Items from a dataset
————————

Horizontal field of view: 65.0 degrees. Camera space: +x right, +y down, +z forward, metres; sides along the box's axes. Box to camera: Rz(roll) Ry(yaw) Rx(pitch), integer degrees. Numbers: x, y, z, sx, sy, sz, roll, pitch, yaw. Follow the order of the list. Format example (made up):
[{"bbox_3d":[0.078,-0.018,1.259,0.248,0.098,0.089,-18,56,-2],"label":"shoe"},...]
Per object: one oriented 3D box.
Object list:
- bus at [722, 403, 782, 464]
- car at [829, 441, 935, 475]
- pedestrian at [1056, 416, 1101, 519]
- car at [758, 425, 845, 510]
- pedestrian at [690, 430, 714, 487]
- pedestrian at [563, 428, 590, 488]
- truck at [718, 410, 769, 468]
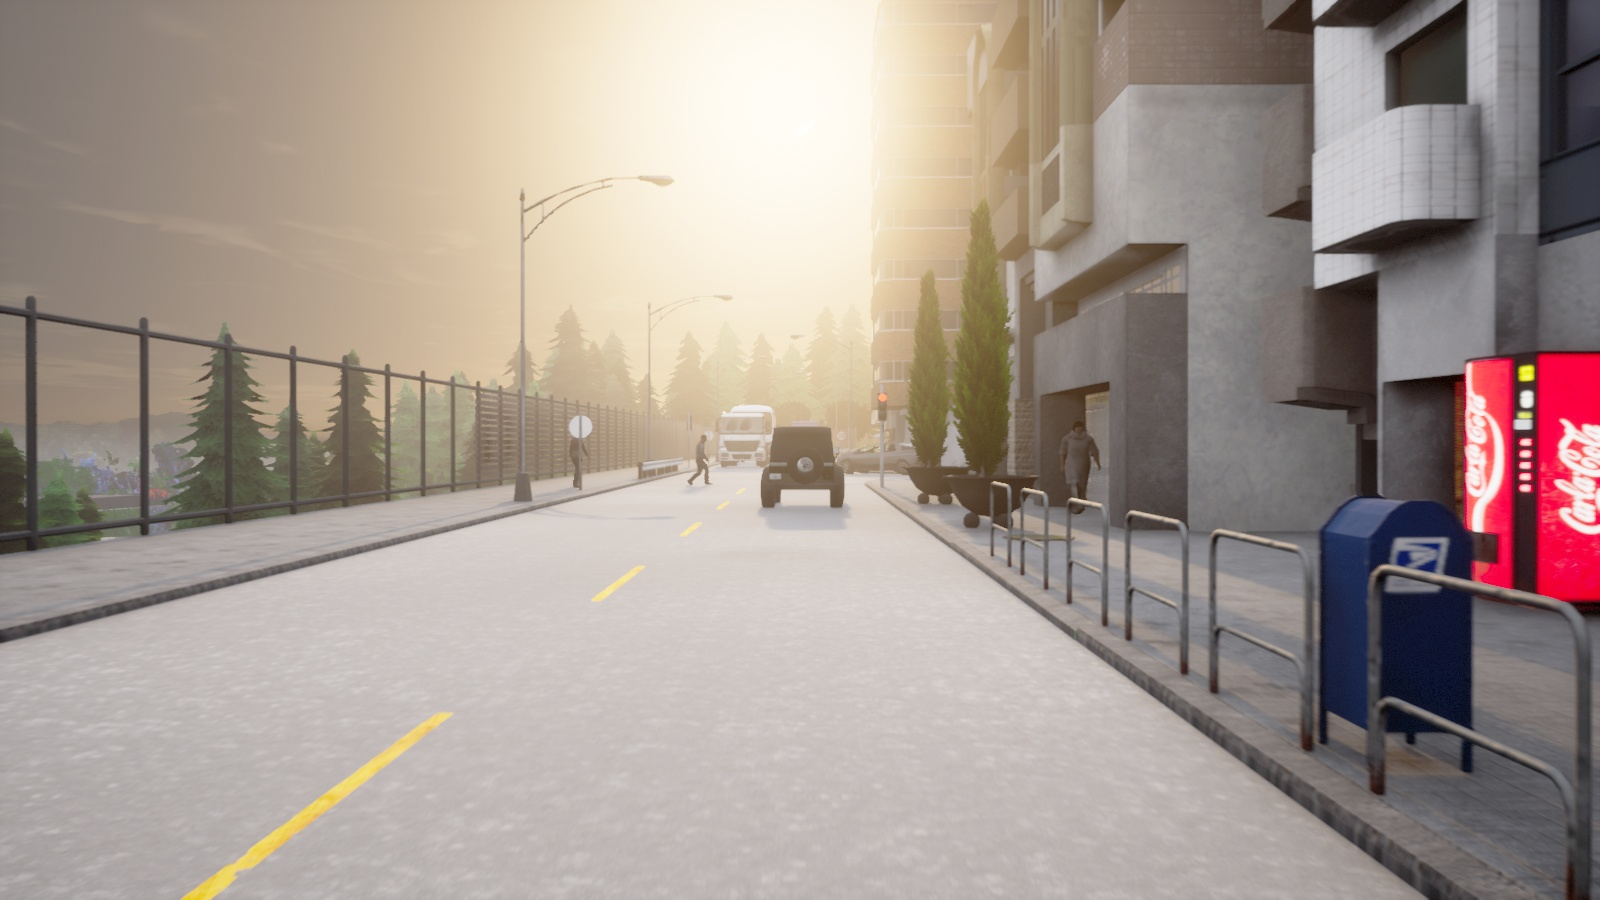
[{"bbox_3d":[-3.444,-1.156,92.884,3.944,4.253,10.273,0,0,0],"label":"bus"},{"bbox_3d":[3.824,0.366,58.653,4.514,1.525,2.007,0,0,30],"label":"car"},{"bbox_3d":[5.325,0.325,24.067,0.659,1.952,0.873,0,0,-1],"label":"pedestrian"},{"bbox_3d":[0.099,0.375,29.703,1.905,1.878,3.866,0,0,2],"label":"car"},{"bbox_3d":[-3.343,0.283,42.911,0.788,1.949,0.423,0,0,1],"label":"pedestrian"},{"bbox_3d":[-6.827,0.235,38.391,0.328,1.805,0.869,0,0,28],"label":"pedestrian"},{"bbox_3d":[-3.520,-0.691,80.274,2.891,3.462,7.936,0,0,0],"label":"truck"}]
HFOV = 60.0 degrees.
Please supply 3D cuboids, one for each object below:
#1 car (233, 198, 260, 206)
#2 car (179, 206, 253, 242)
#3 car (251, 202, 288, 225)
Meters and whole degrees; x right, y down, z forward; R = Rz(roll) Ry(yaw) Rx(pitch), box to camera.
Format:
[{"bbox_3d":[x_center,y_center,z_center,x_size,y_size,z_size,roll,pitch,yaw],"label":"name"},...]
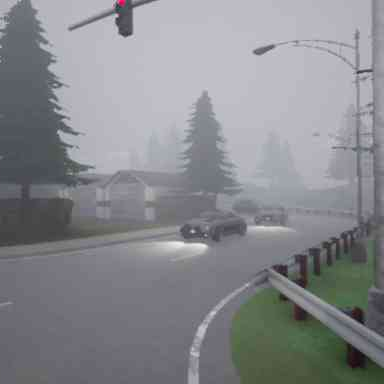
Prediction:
[{"bbox_3d":[6.249,1.509,34.609,2.097,1.767,4.553,0,-1,-34],"label":"car"},{"bbox_3d":[1.170,1.653,17.128,1.994,1.385,4.181,-1,0,35],"label":"car"},{"bbox_3d":[5.956,1.653,24.702,1.994,1.385,4.181,-1,0,22],"label":"car"}]

————————

EXERCISE AIM
Excluding pictures, copy exactly the lines from the line containing "- pedestrian at [1056, 416, 1101, 519]" through the last line of the data, inclusive.

RESULT OF THE TASK
- pedestrian at [1056, 416, 1101, 519]
- car at [758, 425, 845, 510]
- pedestrian at [690, 430, 714, 487]
- pedestrian at [563, 428, 590, 488]
- truck at [718, 410, 769, 468]
[{"bbox_3d":[-3.444,-1.156,92.884,3.944,4.253,10.273,0,0,0],"label":"bus"},{"bbox_3d":[3.824,0.366,58.653,4.514,1.525,2.007,0,0,30],"label":"car"},{"bbox_3d":[5.325,0.325,24.067,0.659,1.952,0.873,0,0,-1],"label":"pedestrian"},{"bbox_3d":[0.099,0.375,29.703,1.905,1.878,3.866,0,0,2],"label":"car"},{"bbox_3d":[-3.343,0.283,42.911,0.788,1.949,0.423,0,0,1],"label":"pedestrian"},{"bbox_3d":[-6.827,0.235,38.391,0.328,1.805,0.869,0,0,28],"label":"pedestrian"},{"bbox_3d":[-3.520,-0.691,80.274,2.891,3.462,7.936,0,0,0],"label":"truck"}]
HFOV = 60.0 degrees.
Please supply 3D cuboids, one for each object below:
#1 car (233, 198, 260, 206)
#2 car (179, 206, 253, 242)
#3 car (251, 202, 288, 225)
Meters and whole degrees; x right, y down, z forward; R = Rz(roll) Ry(yaw) Rx(pitch), box to camera.
Format:
[{"bbox_3d":[x_center,y_center,z_center,x_size,y_size,z_size,roll,pitch,yaw],"label":"name"},...]
Prediction:
[{"bbox_3d":[6.249,1.509,34.609,2.097,1.767,4.553,0,-1,-34],"label":"car"},{"bbox_3d":[1.170,1.653,17.128,1.994,1.385,4.181,-1,0,35],"label":"car"},{"bbox_3d":[5.956,1.653,24.702,1.994,1.385,4.181,-1,0,22],"label":"car"}]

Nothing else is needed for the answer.